DANSE

Festival d’automne, Nocturnes

PSiyoub Abdellah
@06 Déc 2012

Le Festival d'Automne offre cette année un portrait de Maguy Marin sous la forme d'une cartographie des œuvres. Les créations retiennent naturellement l'attention des publics: Faces et les vingt-huit danseurs du Ballet de l'Opéra de Lyon et Nocturnes par six interprètes de la compagnie. Deux intenses traversées de l'obscurité, marquées par la question du temps, spectaculaire ou intime -Théâtre de la Ville ou Théâtre de la Bastille.

Dernière création de Maguy Marin et Denis Mariotte, Nocturnes se tourne vers un dépouillement formel réjouissant. Un Umwelt en noir et gris qui offre à chacun le climat propice à l’introspection, au questionnement de notre frottement au monde.
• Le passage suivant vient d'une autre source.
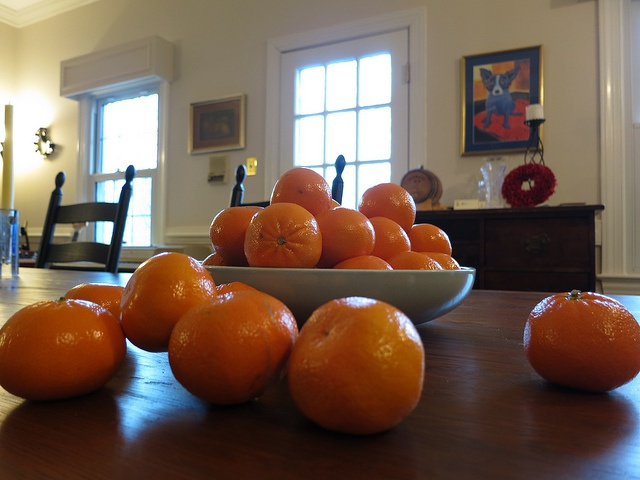Describe the objects in this image and their specific colors. I can see dining table in beige, black, maroon, and brown tones, orange in beige, brown, and maroon tones, orange in beige, maroon, brown, and black tones, orange in beige, maroon, black, and brown tones, and orange in beige, maroon, black, and brown tones in this image. 
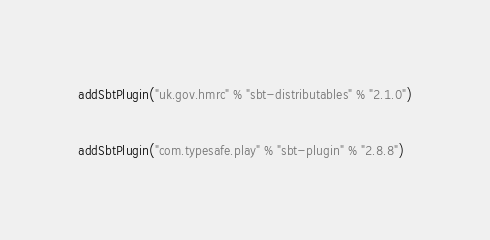<code> <loc_0><loc_0><loc_500><loc_500><_Scala_>addSbtPlugin("uk.gov.hmrc" % "sbt-distributables" % "2.1.0")

addSbtPlugin("com.typesafe.play" % "sbt-plugin" % "2.8.8")
</code> 
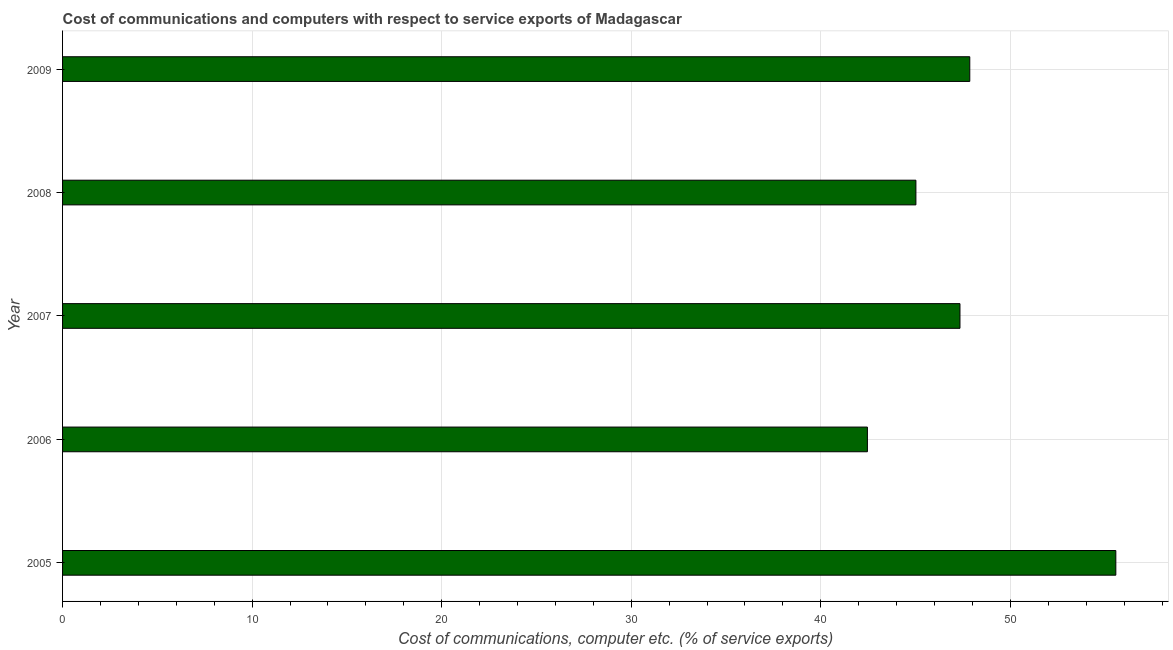Does the graph contain any zero values?
Offer a terse response. No. What is the title of the graph?
Give a very brief answer. Cost of communications and computers with respect to service exports of Madagascar. What is the label or title of the X-axis?
Your answer should be very brief. Cost of communications, computer etc. (% of service exports). What is the cost of communications and computer in 2006?
Provide a short and direct response. 42.46. Across all years, what is the maximum cost of communications and computer?
Your answer should be very brief. 55.56. Across all years, what is the minimum cost of communications and computer?
Give a very brief answer. 42.46. What is the sum of the cost of communications and computer?
Offer a very short reply. 238.24. What is the difference between the cost of communications and computer in 2006 and 2008?
Ensure brevity in your answer.  -2.56. What is the average cost of communications and computer per year?
Keep it short and to the point. 47.65. What is the median cost of communications and computer?
Provide a succinct answer. 47.34. Do a majority of the years between 2008 and 2006 (inclusive) have cost of communications and computer greater than 54 %?
Provide a short and direct response. Yes. What is the ratio of the cost of communications and computer in 2007 to that in 2008?
Make the answer very short. 1.05. Is the difference between the cost of communications and computer in 2006 and 2007 greater than the difference between any two years?
Your response must be concise. No. What is the difference between the highest and the second highest cost of communications and computer?
Your response must be concise. 7.71. What is the difference between two consecutive major ticks on the X-axis?
Your answer should be compact. 10. What is the Cost of communications, computer etc. (% of service exports) in 2005?
Your answer should be very brief. 55.56. What is the Cost of communications, computer etc. (% of service exports) in 2006?
Provide a short and direct response. 42.46. What is the Cost of communications, computer etc. (% of service exports) in 2007?
Give a very brief answer. 47.34. What is the Cost of communications, computer etc. (% of service exports) in 2008?
Your answer should be very brief. 45.02. What is the Cost of communications, computer etc. (% of service exports) in 2009?
Keep it short and to the point. 47.86. What is the difference between the Cost of communications, computer etc. (% of service exports) in 2005 and 2006?
Keep it short and to the point. 13.1. What is the difference between the Cost of communications, computer etc. (% of service exports) in 2005 and 2007?
Your answer should be very brief. 8.22. What is the difference between the Cost of communications, computer etc. (% of service exports) in 2005 and 2008?
Make the answer very short. 10.55. What is the difference between the Cost of communications, computer etc. (% of service exports) in 2005 and 2009?
Keep it short and to the point. 7.7. What is the difference between the Cost of communications, computer etc. (% of service exports) in 2006 and 2007?
Keep it short and to the point. -4.88. What is the difference between the Cost of communications, computer etc. (% of service exports) in 2006 and 2008?
Provide a short and direct response. -2.56. What is the difference between the Cost of communications, computer etc. (% of service exports) in 2006 and 2009?
Your response must be concise. -5.4. What is the difference between the Cost of communications, computer etc. (% of service exports) in 2007 and 2008?
Offer a terse response. 2.32. What is the difference between the Cost of communications, computer etc. (% of service exports) in 2007 and 2009?
Your answer should be compact. -0.52. What is the difference between the Cost of communications, computer etc. (% of service exports) in 2008 and 2009?
Keep it short and to the point. -2.84. What is the ratio of the Cost of communications, computer etc. (% of service exports) in 2005 to that in 2006?
Keep it short and to the point. 1.31. What is the ratio of the Cost of communications, computer etc. (% of service exports) in 2005 to that in 2007?
Give a very brief answer. 1.17. What is the ratio of the Cost of communications, computer etc. (% of service exports) in 2005 to that in 2008?
Offer a very short reply. 1.23. What is the ratio of the Cost of communications, computer etc. (% of service exports) in 2005 to that in 2009?
Your response must be concise. 1.16. What is the ratio of the Cost of communications, computer etc. (% of service exports) in 2006 to that in 2007?
Keep it short and to the point. 0.9. What is the ratio of the Cost of communications, computer etc. (% of service exports) in 2006 to that in 2008?
Make the answer very short. 0.94. What is the ratio of the Cost of communications, computer etc. (% of service exports) in 2006 to that in 2009?
Your response must be concise. 0.89. What is the ratio of the Cost of communications, computer etc. (% of service exports) in 2007 to that in 2008?
Provide a succinct answer. 1.05. What is the ratio of the Cost of communications, computer etc. (% of service exports) in 2007 to that in 2009?
Offer a very short reply. 0.99. What is the ratio of the Cost of communications, computer etc. (% of service exports) in 2008 to that in 2009?
Give a very brief answer. 0.94. 
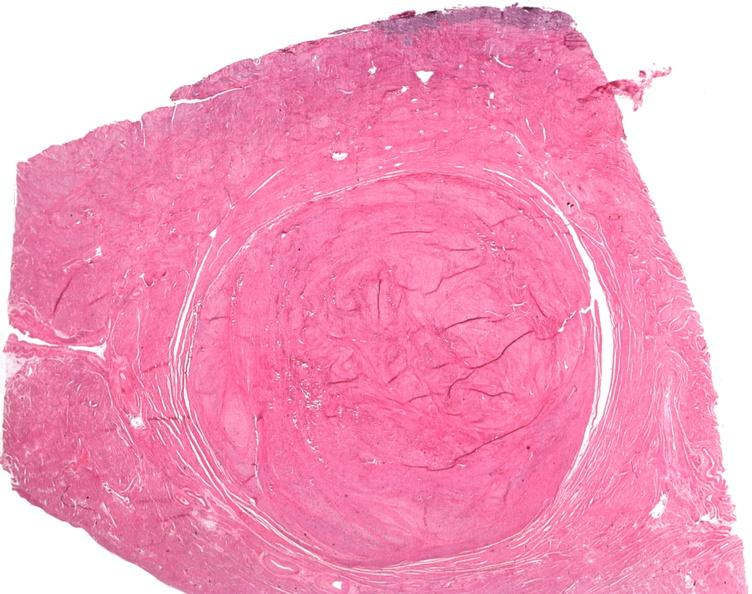what is present?
Answer the question using a single word or phrase. Female reproductive 
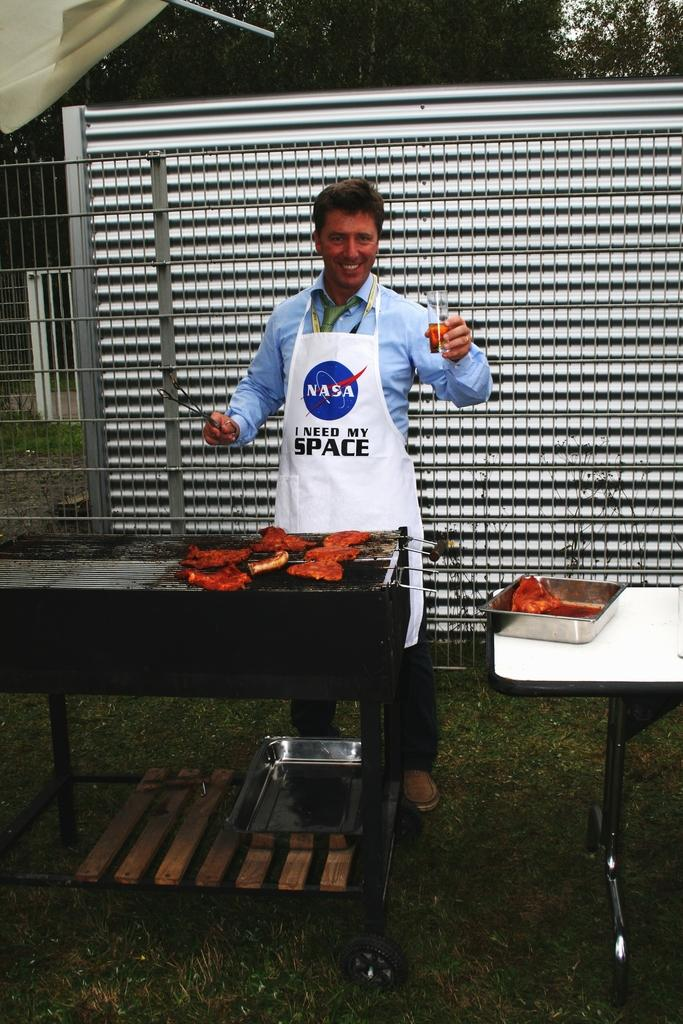<image>
Provide a brief description of the given image. A man wearing an apron that says "NASA I need my Space" 
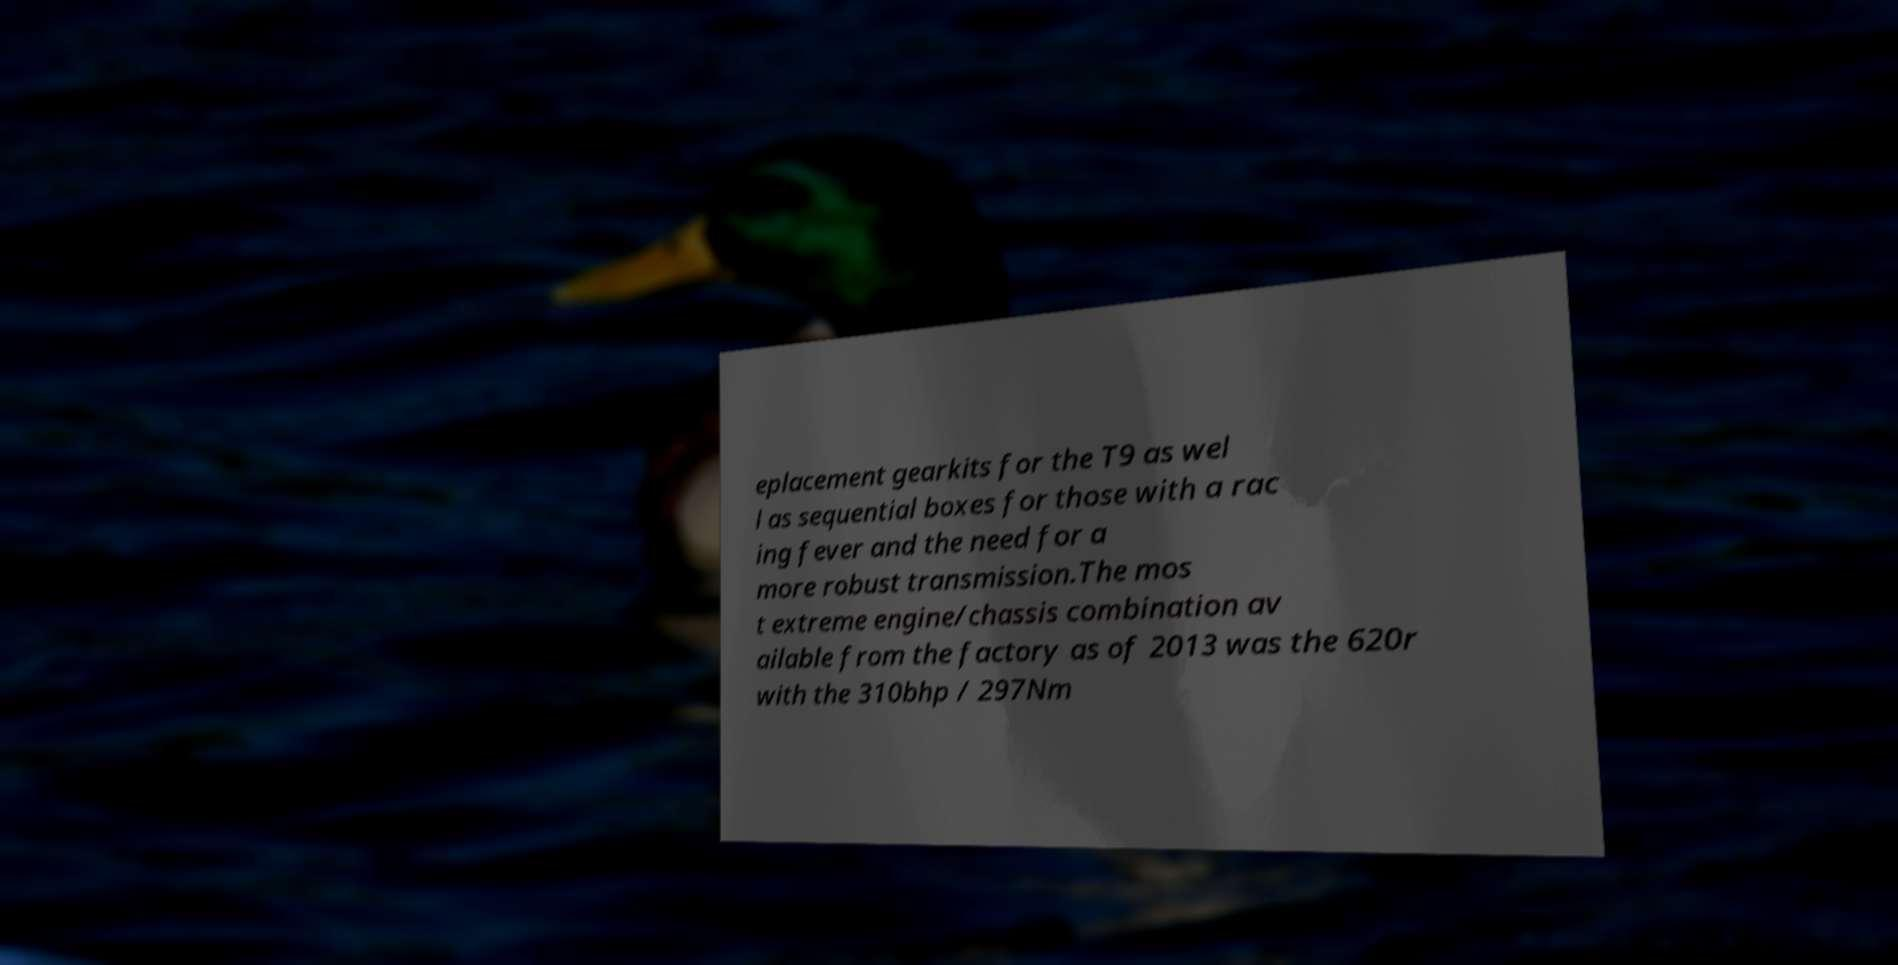Can you read and provide the text displayed in the image?This photo seems to have some interesting text. Can you extract and type it out for me? eplacement gearkits for the T9 as wel l as sequential boxes for those with a rac ing fever and the need for a more robust transmission.The mos t extreme engine/chassis combination av ailable from the factory as of 2013 was the 620r with the 310bhp / 297Nm 
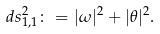Convert formula to latex. <formula><loc_0><loc_0><loc_500><loc_500>d s ^ { 2 } _ { 1 , 1 } \colon = | \omega | ^ { 2 } + | \theta | ^ { 2 } .</formula>

Sur le plateau, les danseurs entrent et se croisent, partagent un moment –un fragment de temps sur ce fragment d’espace. Figures de petits groupes, liés par les mots, y compris lorsque leur langue n’est pas la notre.

Aux bas-reliefs de Faces correspondent les numéros de Nocturnes. Le temps tout entier est piégé dans l’espace neutre mais multiple du plateau qui prend des airs de cabaret. Parfois des pierres, lourdes, bruyantes, sont jetées sur le plateau. Parfois quelqu’un les rassemble en cairn éphémère.

A la manière de Salves, Nocturnes est rendue sérielle par la succession des noirs. Ces noirs-là sont accueillant, dus à une diminution progressive de l’intensité lumineuse. Ils fondent sur les relations plaisantes ou dures. Un noir de Soulages, travaillé de l’intérieur, épais de souvenirs, d’intimes références biographiques, de projections imaginaires. Un espace s’ouvre ancien à celui qui regarde, rendu capable de s’ajouter à ceux qui jouent.

Un espace défini en partie par une musique bruitiste produite par des d’antiques appareils à bandes qui ne jouent rien. Bandes magnétique se déroulant, déjà croisées dans Salves. Difficile d’affirmer plus fermement que le vide n’y est pas et que s’y inscrit en creux et en bosses la matière de chacun et de tous.

Comme un pendant à la masse de Faces, les interprètes s’individuent de manière forte. Rapidement nous les reconnaissons à une manière de traverser l’espace, de jeter une chanson en l’air, de croiser un autre.

Lors des ateliers de travail, chacun à fait don d’éléments biographiques pour nourrir l’écriture. Ces extraits d’existences extérieures au théâtre sont alors disposés dans la durée. Ils se répondent étrangement tandis qu’un phénomène d’écho les amplifie jusqu’à leur donner la puissance des archétypes. Ils sont enchaînés vite, de plus en plus vite, dans une course folle qui peut faire appel au pire. La dernière image, une femme assise sur une chaise, abandonnée ou presque morte, ancre le récit choral dans tragique. Et puis, non, peut-être pas. Peut-être qu’elle s’endort après une soirée passée avec d’autres, à être ensemble, à vouloir mettre un trait d’union à quand même.

Le rire, les récits, l’être ensemble, le prendre soin de nous; voilà ce qui est en scène tandis que la rumeur gronde et que les balles d’une autre guerre idiote sifflent. Voilà ce que dit Nocturnes avec une délicatesse inouïe et une invincible puissance.